Los hechos artísticos son, también en lo tocante a la Novena Sinfonía, muy simples. El final comienza con un grito doloroso y desengañado, que parece sobreponerse a lo humanamente soportable participando toda la orquesta, con un acorde en el que resuenan a un tiempo mismo, de un modo disonante, todas las notas de una escala en Re menor. A continuación, atacan los bajos un recitativo que comienza clarísimamente con las notas iniciales del solo de barítono que más tarde se iniciará: "¡Oh amigos, no en ese tono!" El grito se repite, y en seguida la orquesta, que parece representar aquí dos personalidades separadas, intenta expresar uno tras otro los motivos iniciales de los tres tiempos anteriores, interrumpidos constantemente, tras pocos compases, por la continuación del recitativo disuasivo. Por último, los instrumentos de viento tocan los cuatro primeros compases del motivo de la alegría ("¡Oh, alegría, bella chispa de los dioses!"). El recitativo concluye ahora en tonos muy parecidos al que tendrá más tarde el del barítono, "más agradable y lleno de alegría", y los bajos ejecutan el tema de la alegría en toda su extensión, en compás de dieciseisavos. Con la intervención primero de la viola, de los violoncellos y los fagotes, luego de los violines y por último de 1os demás instrumentos, el piano inicial va subiendo hasta llegar a un brillo cegador. No parece que sea posible buscar detrás de este sencillo lenguaje de los sonidos más de lo que realmente dice de por sí.
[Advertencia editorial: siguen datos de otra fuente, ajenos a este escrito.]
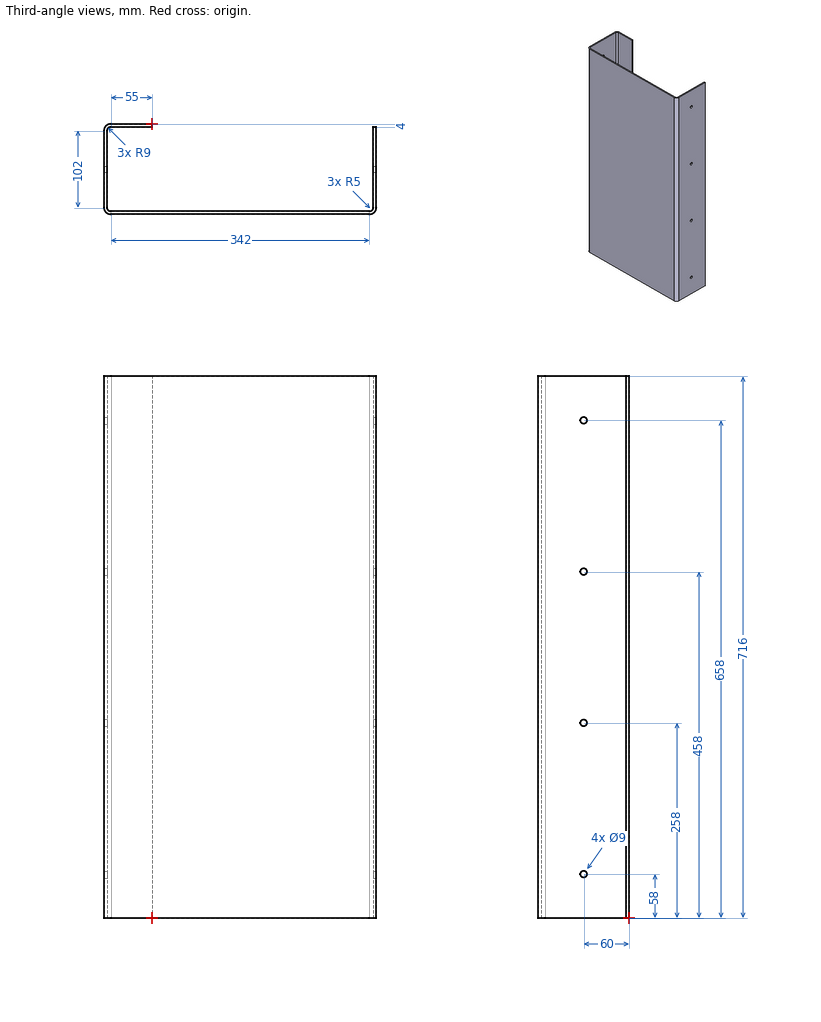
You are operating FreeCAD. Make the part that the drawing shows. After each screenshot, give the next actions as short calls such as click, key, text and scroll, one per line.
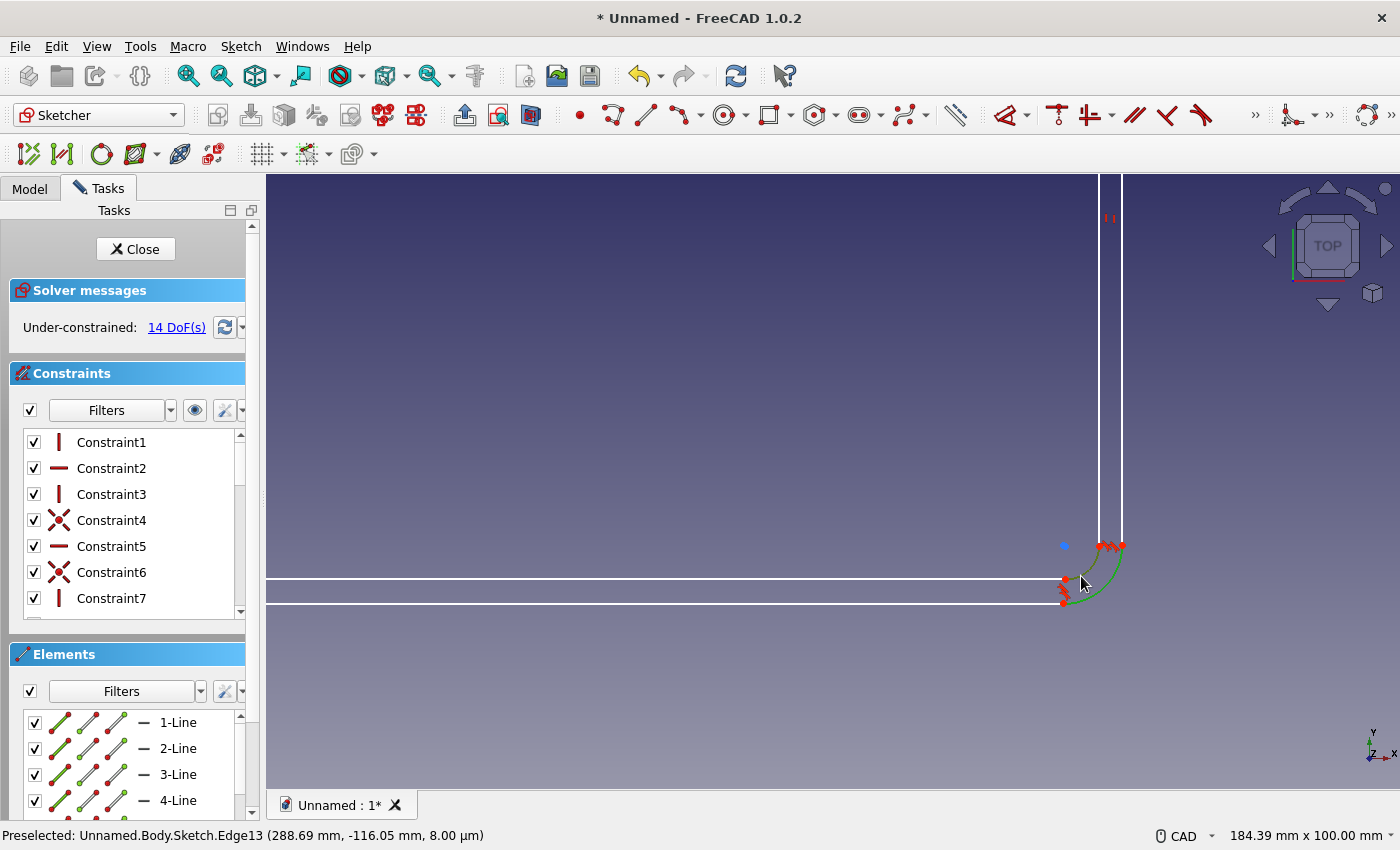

Tampoco los movimientos instrumentales plantean, como hemos dicho, ninguna clase de enigmas, si se los mide al nivel de la última grandeza beethoveniana. El primer tiempo desarrolla, tras una contenida introducción fuertemente emocional, un tema de una fuerza y una nitidez extraordinarias, en modo menor, con el que contrasta otro en mayor, dulce y lleno de suavidad consoladora; apenas si es posible caracterizar con palabras todo este rico grupo de temas, al igual que su asombroso desarrollo. La coda irrumpe con bajos cromáticos en un pianissimo desazonador, anunciador de grandes males, hasta llegar al final, en que reaparece el tema central, compuesto en las octavas de un férreo fortissimo. El scherzo, ditirámbico en sus acentos, tiene un sereno trío en un aire discretamente pastoral, que desarrolla, en un contrapunto de los violoncellos, una melodía de los oboes, con arrebatadora exaltación. El adagio contiene una serie de variaciones en torno a un tema de retenida expresión, en las que van reduciéndose cada vez más los valores de las notas; es, en sus partes principales, un adagio lírico, con una interpolación sorprendente, de un tono resuelto y casi guerrero, en donde sorprenden, sobre todo, los compases de los primeros violines aislados.

Muchas cosas podríamos decir aún, en esta manera de sugerencias puramente musicales; cuanto pueda decirse acerca del "contenido" extramusical de estos tres tiempos de la Novena Sinfonía, verdaderamente sobrehumanos por su riqueza, será siempre subjetivo; simplemente, especulaciones de una fantasía libre, empeñada en traducir a todo trance al lenguaje de las palabras habladas o escritas lo que, en verdad, no pueden traducir. Incluso en lo que aquí dejamos escrito en torno a esta música hay expresiones puramente arbitrarias.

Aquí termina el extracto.